Moiseikin Jewellery House has developed and patented internationally some technologies of jewelry production such as Waltzing Brilliance. According to Rapaport Magazine, "this technology both secures the diamonds and allows them to rotate gently around the axis created by the two points of contact"—and "this is the first patented jewelry invention for Russia in the past 100 years".

The company showcases its works at international luxury exhibitions.
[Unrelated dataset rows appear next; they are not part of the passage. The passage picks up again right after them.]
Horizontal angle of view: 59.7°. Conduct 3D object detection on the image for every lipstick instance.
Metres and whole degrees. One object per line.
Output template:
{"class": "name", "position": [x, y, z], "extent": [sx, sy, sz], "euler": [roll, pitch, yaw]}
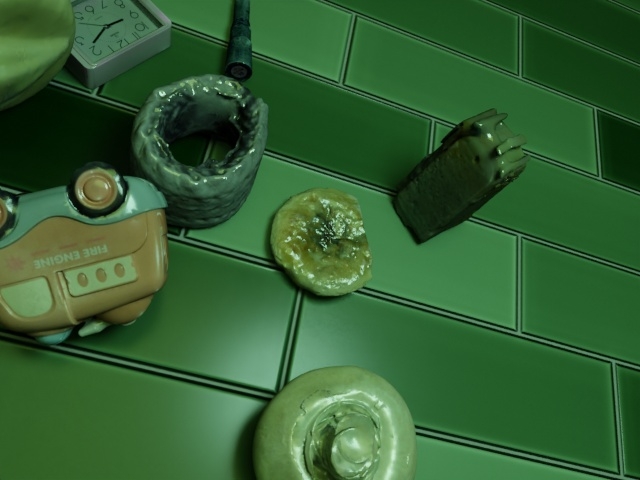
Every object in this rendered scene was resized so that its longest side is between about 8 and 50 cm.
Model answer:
{"class": "lipstick", "position": [-0.160, -0.435, 1.144], "extent": [0.053, 0.053, 0.234], "euler": [8, 63, -16]}

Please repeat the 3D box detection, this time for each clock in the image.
{"class": "clock", "position": [-0.396, -0.390, 1.033], "extent": [0.150, 0.063, 0.197], "euler": [46, 61, 3]}

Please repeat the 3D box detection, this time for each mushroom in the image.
{"class": "mushroom", "position": [0.025, 0.298, 0.800], "extent": [0.246, 0.202, 0.246], "euler": [3, 69, -7]}

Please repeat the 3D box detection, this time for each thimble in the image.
{"class": "thimble", "position": [-0.201, -0.152, 0.942], "extent": [0.217, 0.157, 0.245], "euler": [40, 60, 0]}

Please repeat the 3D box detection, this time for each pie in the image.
{"class": "pie", "position": [-0.001, 0.001, 1.005], "extent": [0.185, 0.052, 0.218], "euler": [-8, 68, -16]}

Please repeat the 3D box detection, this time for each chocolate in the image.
{"class": "chocolate", "position": [-0.517, -0.347, 0.826], "extent": [0.297, 0.314, 0.326], "euler": [39, 89, 3]}

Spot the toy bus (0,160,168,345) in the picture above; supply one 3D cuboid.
{"class": "toy bus", "position": [-0.350, 0.021, 0.791], "extent": [0.287, 0.194, 0.232], "euler": [-16, 98, -12]}

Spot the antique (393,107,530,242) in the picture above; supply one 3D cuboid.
{"class": "antique", "position": [0.259, -0.119, 1.016], "extent": [0.150, 0.284, 0.125], "euler": [-27, 78, -26]}
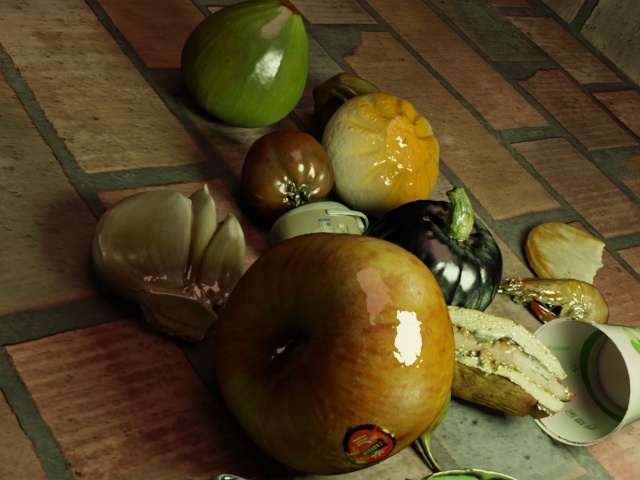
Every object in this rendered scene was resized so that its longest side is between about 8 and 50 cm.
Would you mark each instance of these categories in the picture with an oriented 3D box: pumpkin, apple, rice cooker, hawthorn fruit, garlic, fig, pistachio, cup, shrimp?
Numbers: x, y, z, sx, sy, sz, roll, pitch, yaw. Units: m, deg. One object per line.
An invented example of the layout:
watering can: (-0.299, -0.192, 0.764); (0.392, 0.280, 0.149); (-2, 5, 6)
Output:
pumpkin: (0.253, 0.027, 2.021); (0.296, 0.295, 0.295); (18, 37, -14)
apple: (0.029, 0.184, 1.598); (0.334, 0.400, 0.400); (22, 27, -54)
rice cooker: (0.000, 0.000, 1.996); (0.206, 0.145, 0.127); (0, 51, -19)
hawthorn fruit: (-0.086, -0.153, 2.102); (0.199, 0.199, 0.251); (8, 25, -26)
garlic: (-0.279, 0.029, 1.782); (0.279, 0.132, 0.325); (15, 40, -19)
fig: (-0.157, -0.422, 2.262); (0.316, 0.316, 0.316); (18, 37, -14)
pistachio: (0.099, -0.304, 2.428); (0.260, 0.163, 0.213); (38, -4, -20)
cup: (0.580, 0.277, 1.982); (0.274, 0.253, 0.253); (2, 43, -43)
shrimp: (0.529, 0.153, 2.235); (0.287, 0.063, 0.152); (7, 67, -11)
fig: (0.193, 0.337, 1.769); (0.124, 0.124, 0.236); (-3, 70, -36)

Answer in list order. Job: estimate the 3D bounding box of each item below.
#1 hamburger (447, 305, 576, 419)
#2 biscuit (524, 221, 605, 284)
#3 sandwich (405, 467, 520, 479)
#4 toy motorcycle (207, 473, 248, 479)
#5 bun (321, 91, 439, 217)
hamburger: (0.317, 0.240, 1.877); (0.282, 0.245, 0.155); (47, 45, -26)
biscuit: (0.600, 0.046, 2.426); (0.205, 0.040, 0.309); (32, 37, 4)
sandwich: (0.256, 0.481, 1.614); (0.292, 0.109, 0.212); (-4, 53, -34)
toy motorcycle: (-0.093, 0.437, 1.432); (0.307, 0.108, 0.173); (27, 30, -6)
bun: (0.154, -0.204, 2.227); (0.299, 0.165, 0.298); (6, 77, -29)
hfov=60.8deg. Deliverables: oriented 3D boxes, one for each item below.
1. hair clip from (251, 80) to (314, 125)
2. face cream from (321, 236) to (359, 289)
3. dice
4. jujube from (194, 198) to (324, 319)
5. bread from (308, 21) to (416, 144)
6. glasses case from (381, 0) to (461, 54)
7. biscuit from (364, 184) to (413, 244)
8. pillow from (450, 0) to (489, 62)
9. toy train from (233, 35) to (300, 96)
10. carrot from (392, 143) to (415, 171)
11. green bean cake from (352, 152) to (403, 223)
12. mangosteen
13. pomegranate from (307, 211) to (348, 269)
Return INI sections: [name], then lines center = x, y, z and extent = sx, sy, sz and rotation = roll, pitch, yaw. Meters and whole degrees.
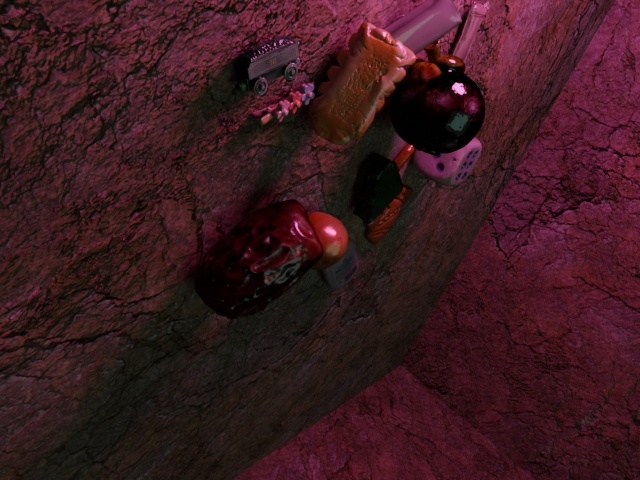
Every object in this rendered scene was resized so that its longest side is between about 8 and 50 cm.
[hair clip]
center = -0.075, -0.337, 1.344
extent = 0.214, 0.056, 0.062
rotation = -35, 150, -30
[face cream]
center = 0.065, 0.063, 2.037
extent = 0.163, 0.080, 0.337
rotation = -44, 152, -13
[dice]
center = 0.485, -0.330, 2.092
extent = 0.194, 0.192, 0.193
rotation = -14, 136, -53
[jujube]
center = -0.158, 0.053, 1.488
extent = 0.377, 0.258, 0.258
rotation = -47, 153, -7
[bread]
center = 0.091, -0.400, 1.423
extent = 0.311, 0.173, 0.121
rotation = -53, -167, 14
[glasses case]
center = 0.236, -0.569, 1.508
extent = 0.308, 0.083, 0.128
rotation = -35, 132, -5
[biscuit]
center = 0.261, -0.101, 2.185
extent = 0.284, 0.043, 0.306
rotation = -25, 143, -42
[pillow]
center = 0.496, -0.688, 1.834
extent = 0.130, 0.038, 0.233
rotation = -26, 144, -47
[toy train]
center = -0.117, -0.389, 1.206
extent = 0.172, 0.070, 0.099
rotation = -35, 142, -28
[carrot]
center = 0.311, -0.318, 1.997
extent = 0.139, 0.048, 0.048
rotation = -51, 154, -7
[green bean cake]
center = 0.181, -0.183, 1.889
extent = 0.193, 0.107, 0.208
rotation = -45, 152, -8
[mangosteen]
center = 0.369, -0.423, 1.705
extent = 0.297, 0.297, 0.313
rotation = 61, 44, -62
[pomegranate]
center = -0.002, 0.004, 1.744
extent = 0.191, 0.191, 0.191
rotation = -38, 150, -26
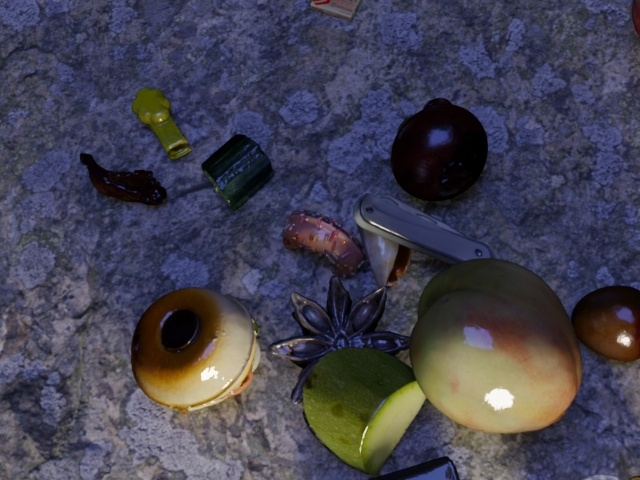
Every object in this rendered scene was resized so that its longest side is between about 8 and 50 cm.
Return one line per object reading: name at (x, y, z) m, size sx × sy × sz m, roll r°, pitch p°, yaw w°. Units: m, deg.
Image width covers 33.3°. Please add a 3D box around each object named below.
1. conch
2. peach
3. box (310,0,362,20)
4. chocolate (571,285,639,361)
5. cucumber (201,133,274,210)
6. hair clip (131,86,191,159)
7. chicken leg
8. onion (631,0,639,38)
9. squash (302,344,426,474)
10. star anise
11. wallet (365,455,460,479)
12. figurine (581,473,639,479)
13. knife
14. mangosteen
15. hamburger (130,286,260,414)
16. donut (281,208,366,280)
conch at (0.121, -0.005, 1.880) m, size 0.094 × 0.104 × 0.176 m, roll -24°, pitch 65°, yaw 18°
peach at (0.277, 0.169, 1.671) m, size 0.292 × 0.292 × 0.247 m, roll 39°, pitch 113°, yaw 22°
box at (0.033, -0.482, 2.158) m, size 0.093 × 0.015 × 0.058 m, roll 21°, pitch 72°, yaw 16°
chocolate at (0.482, 0.136, 1.767) m, size 0.133 × 0.127 × 0.124 m, roll -8°, pitch 33°, yaw 18°
cucumber at (-0.162, -0.136, 2.001) m, size 0.115 × 0.062 × 0.116 m, roll -41°, pitch 68°, yaw -15°
hair clip at (-0.315, -0.234, 2.076) m, size 0.072 × 0.046 × 0.173 m, roll -27°, pitch 62°, yaw -9°
chicken leg at (-0.382, -0.114, 2.029) m, size 0.205 × 0.053 × 0.093 m, roll 21°, pitch 46°, yaw 9°
onion at (0.736, -0.429, 1.887) m, size 0.347 × 0.285 × 0.348 m, roll 0°, pitch 56°, yaw 0°
squash at (0.060, 0.260, 1.698) m, size 0.184 × 0.085 × 0.192 m, roll 32°, pitch 86°, yaw 4°
star anise at (0.039, 0.180, 1.800) m, size 0.223 × 0.109 × 0.236 m, roll 20°, pitch 83°, yaw 11°
wallet at (0.113, 0.445, 1.699) m, size 0.250 × 0.044 × 0.149 m, roll -18°, pitch 68°, yaw 0°
figurine at (0.384, 0.429, 1.629) m, size 0.271 × 0.143 × 0.143 m, roll -25°, pitch 62°, yaw -26°
knife at (0.179, -0.014, 1.840) m, size 0.265 × 0.040 × 0.073 m, roll 24°, pitch 68°, yaw -13°
mangosteen at (0.205, -0.166, 1.911) m, size 0.199 × 0.200 × 0.200 m, roll -3°, pitch 65°, yaw 7°
hamburger at (-0.217, 0.182, 1.813) m, size 0.236 × 0.147 × 0.237 m, roll -10°, pitch 57°, yaw 15°
donut at (0.000, 0.000, 1.883) m, size 0.166 × 0.117 × 0.065 m, roll 23°, pitch 66°, yaw 18°
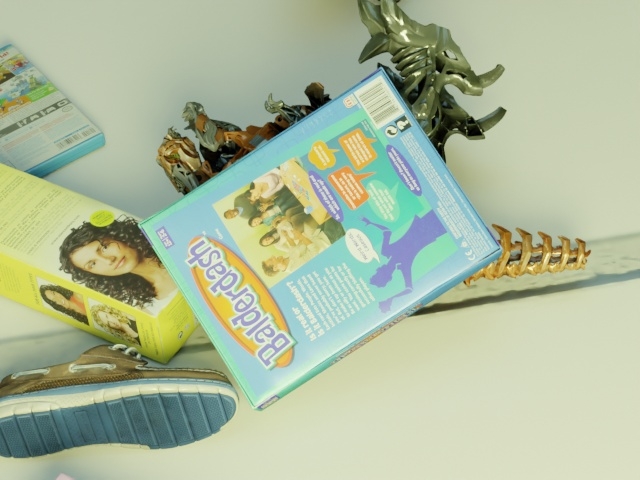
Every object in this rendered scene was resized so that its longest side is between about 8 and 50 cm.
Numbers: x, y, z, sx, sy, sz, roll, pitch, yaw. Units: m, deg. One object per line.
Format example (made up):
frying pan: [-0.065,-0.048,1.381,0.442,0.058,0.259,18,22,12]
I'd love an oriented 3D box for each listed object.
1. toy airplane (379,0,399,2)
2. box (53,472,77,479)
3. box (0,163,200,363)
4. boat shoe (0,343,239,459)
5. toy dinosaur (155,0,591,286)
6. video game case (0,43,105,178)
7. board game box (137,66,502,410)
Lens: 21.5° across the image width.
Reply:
toy airplane: [0.094,-0.435,1.581,0.386,0.272,0.384,-10,47,-13]
box: [-0.162,0.294,1.015,0.200,0.057,0.293,20,50,25]
box: [-0.195,0.012,1.307,0.232,0.058,0.087,19,49,24]
boat shoe: [-0.149,0.106,1.200,0.183,0.066,0.066,-4,43,1]
toy dinosaur: [0.043,-0.045,1.305,0.322,0.164,0.218,27,72,-8]
video game case: [-0.279,-0.104,1.465,0.119,0.015,0.166,-30,49,-22]
board game box: [0.000,0.000,1.211,0.210,0.047,0.160,-32,81,0]
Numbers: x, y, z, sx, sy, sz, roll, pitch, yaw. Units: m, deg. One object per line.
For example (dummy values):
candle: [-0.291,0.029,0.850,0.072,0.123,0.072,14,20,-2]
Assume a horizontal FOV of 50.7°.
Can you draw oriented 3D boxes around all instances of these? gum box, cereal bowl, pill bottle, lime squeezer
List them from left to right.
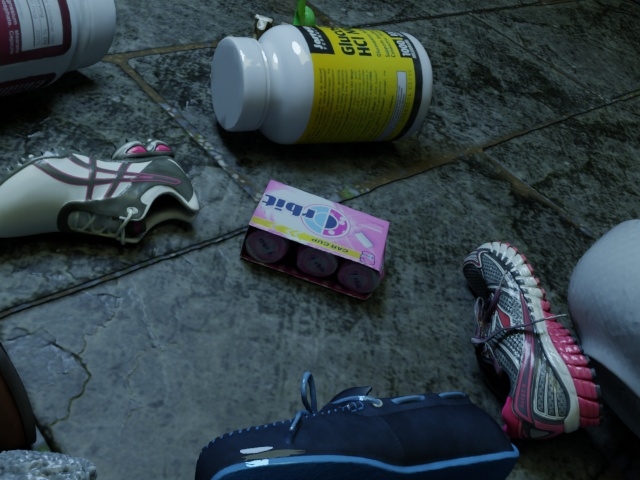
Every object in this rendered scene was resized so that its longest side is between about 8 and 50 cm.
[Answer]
pill bottle: [-0.484,-0.303,0.919,0.224,0.224,0.392,31,32,13]
lime squeezer: [-0.002,-0.361,1.149,0.110,0.058,0.310,10,-9,24]
gum box: [0.000,0.000,0.912,0.188,0.062,0.107,19,39,-1]
pill bottle: [0.001,-0.253,1.107,0.334,0.188,0.188,-7,46,-29]
cereal bowl: [0.400,0.146,0.760,0.141,0.339,0.339,-37,57,-1]

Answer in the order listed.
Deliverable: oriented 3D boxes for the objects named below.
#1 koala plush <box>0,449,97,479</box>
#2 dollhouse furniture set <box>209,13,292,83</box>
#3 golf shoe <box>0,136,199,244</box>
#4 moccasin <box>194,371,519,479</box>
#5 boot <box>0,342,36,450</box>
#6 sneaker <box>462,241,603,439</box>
koala plush: [-0.123,0.261,0.476,0.221,0.196,0.203,0,55,-23]
dollhouse furniture set: [-0.113,-0.317,1.262,0.144,0.123,0.151,18,74,-2]
golf shoe: [-0.276,-0.050,0.828,0.273,0.105,0.120,-22,62,-39]
moccasin: [0.033,0.207,0.658,0.342,0.137,0.117,11,33,-33]
boot: [-0.404,0.134,0.532,0.280,0.264,0.096,-36,28,-25]
sneaker: [0.237,0.111,0.851,0.112,0.121,0.299,-18,36,2]
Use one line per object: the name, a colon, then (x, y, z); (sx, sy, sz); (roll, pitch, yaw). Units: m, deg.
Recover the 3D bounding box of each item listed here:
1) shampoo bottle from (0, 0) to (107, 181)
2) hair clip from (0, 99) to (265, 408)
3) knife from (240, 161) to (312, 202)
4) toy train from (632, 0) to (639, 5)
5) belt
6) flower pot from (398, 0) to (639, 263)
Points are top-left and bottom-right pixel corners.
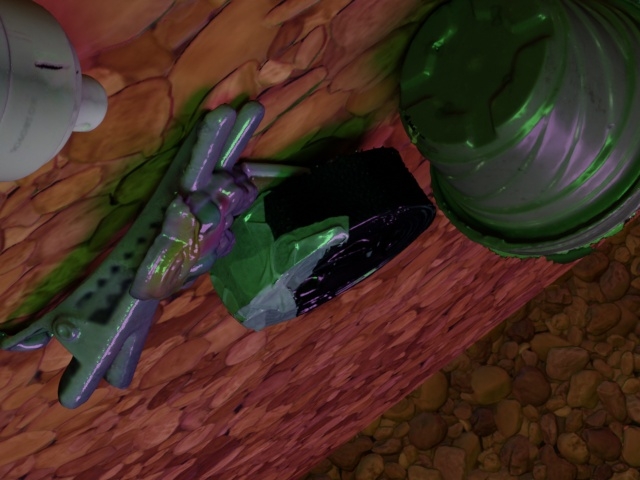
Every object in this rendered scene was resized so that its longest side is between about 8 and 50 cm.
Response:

It also provides prizes for ceremonies such as "Person of the Year" business event held annually in Ekaterinburg.

Since 2019, the company was expanding into China.

Examples
For example, in the year 2005 the company exhibited a "million-dollar-clock" at Dubai International Jewellery Week in Dubai, UAE. As reported by Dubai press, the item weighs over 65 kg, includes over 2,000 diamonds, other jewels and a kilogram worth of gold.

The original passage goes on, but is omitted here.